When I first started running, one minute of successive jogging was all that I could handle during a workout. It was insane how hard it was! The huffing, and the puffing, and the red faces were likely the most hilarious thing people on the street that I passed witnessed all day. Frumpy, fat girl running! Look out!
I kept going though, and then the nerves hit.
I was so nervous to move on to the next Couch to 5km “week” that eventually I gave up trying to use the program and just went with my own intervals, set up on my Runkeeper app. Bringing the exertion level control back to me was a epiphany. I had much less nerves before my runs once I did that. Cto5k wasn’t bad, in fact was great! Just not for me. I want to be my own master of pain and torturey (Is that a word?). With my visualization, and focusing on the feeling, I was now looking forward to runs, instead of trying to calm the shakey hands and drowning out Worried Self with loud music.
Today, I finally did a two minute jog segment walk/jog.
I did not die.
I am progressing very slowly in this jogging thing, and today was a wicked confidence boost. Having calmed the Nerves Beast, I am now dealing with the You aren’t doing good enough” Self Critic Beast”, and perhaps this helped a little in getting rid of the hairy, stinky thing (the beast, not my husband, I love him and want him to stick around. He’s useful.) or at least making it harder to defeat my will to get better.
This beast is ugly, and bigger than the last one. This one can actually make me cry. Yeah… Crying and running is so not elegant nor recommended.

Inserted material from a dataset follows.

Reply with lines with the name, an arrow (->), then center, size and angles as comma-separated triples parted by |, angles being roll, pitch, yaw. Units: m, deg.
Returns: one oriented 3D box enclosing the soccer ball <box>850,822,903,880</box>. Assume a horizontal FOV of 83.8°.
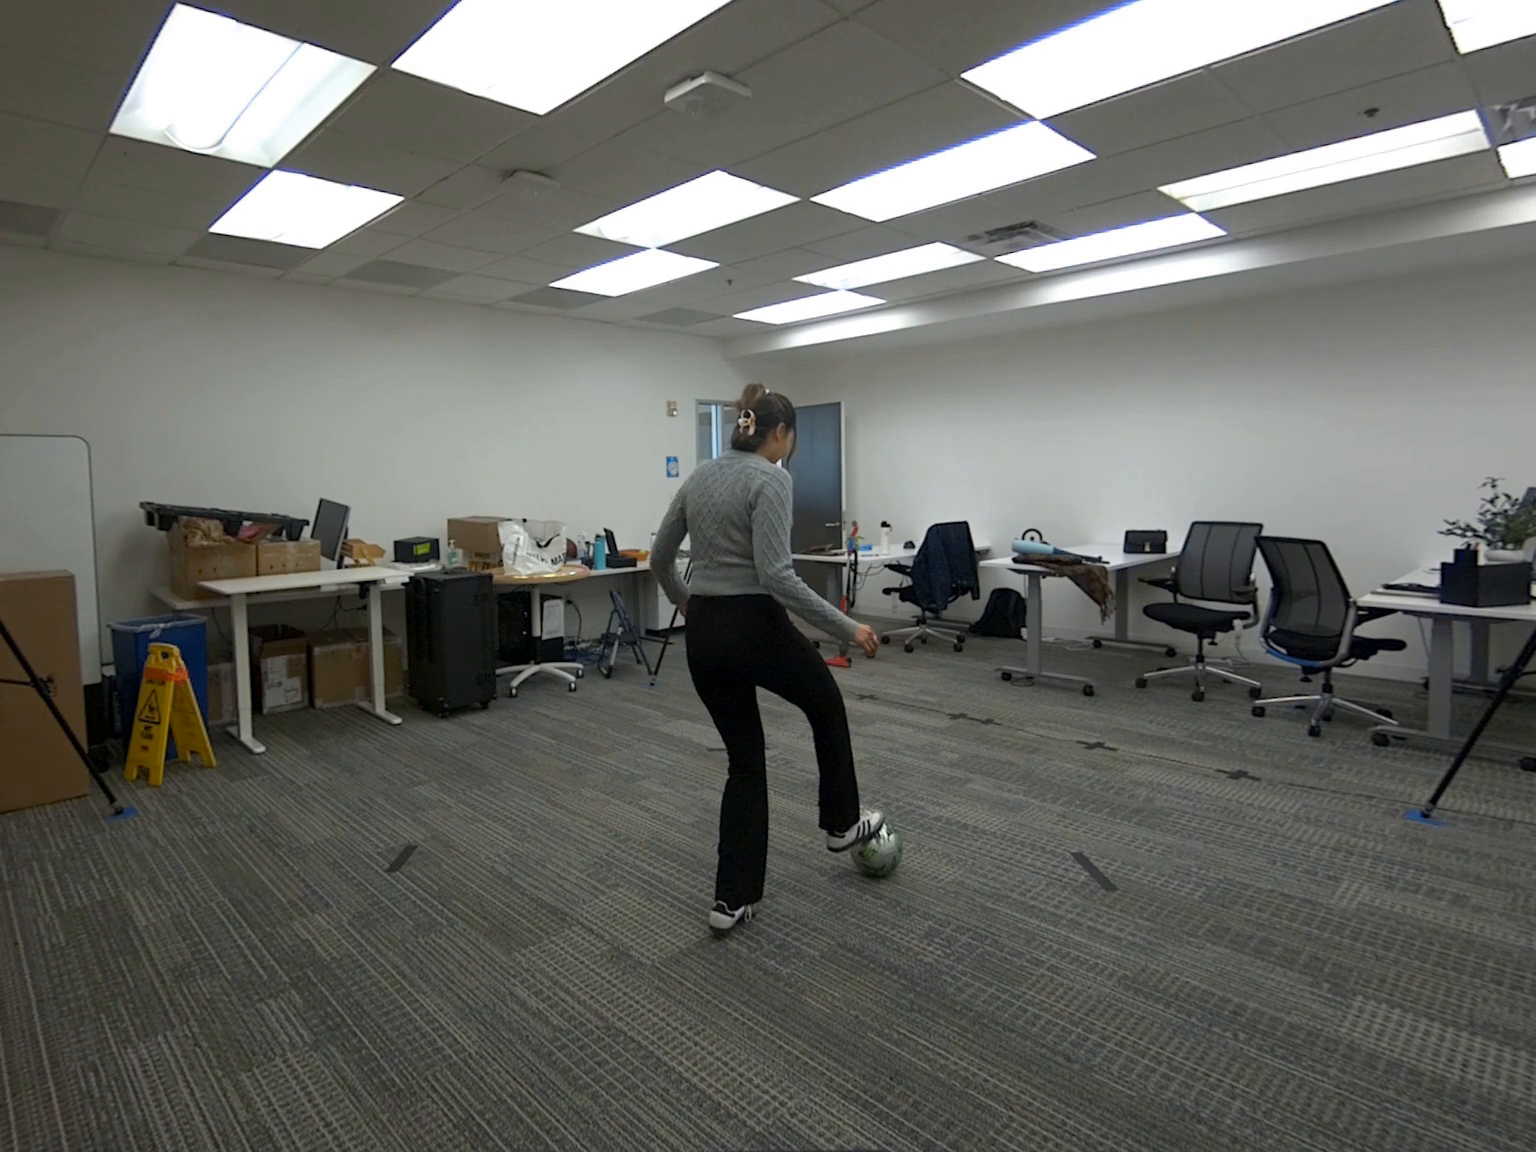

It all started a couple of weeks ago after one of my hubs and my “date runs”. I am slow (read: short stubby legs), and my husband complained that every time we run together that his legs hurt after because he has to go so slow to pace me. This devastated me. I felt horrible for holding him back, and I don’t want to run with him anymore, because its obvious I am not doing well enough to keep up to him anymore. (read: he is already doing further faster distances than me with this running thing. Just once I want to be better at something than him! Yeesh…)
Self Critic Beast jumped for joy at my sulking and said “See? Why bother? You aren’t getting anywhere, you haven’t lost much weight (Hubby has lost 15 pounds, argh) and you see no improvement to your health! Your husband is going to get fit and you will still be fat and ugly.”
I was low, low, low. Pair this with a new health reality of Diabetes, and it was all I could do to function normally and put on a brave face for all the folks who were giving me Diabetes advice and support in the week following.
Diabetes sucks, y’all. Just sayin’…
Today, I am a bit more proud of my progress, and glad I have kept at it. I have to go slow, I know this, and sometimes I get frustrated that I am not already jogging further/faster than I am after a month and a half. My knees, hips and shins however, are just fine with my fitness plan. It is important to progress at a pace that is both physically and mentally comfortable. I know this. I rode horses for 20 some-odd years and never once did I push past what I knew I could comfortably do, without becoming complacent in my routines. Push, strive for new achievements and levels of excellence, but at my own pace.
So Self Critic Beast is hanging on, and he’s poking me with his big stupid stick. I need to find a cage for him, but it too, is slow.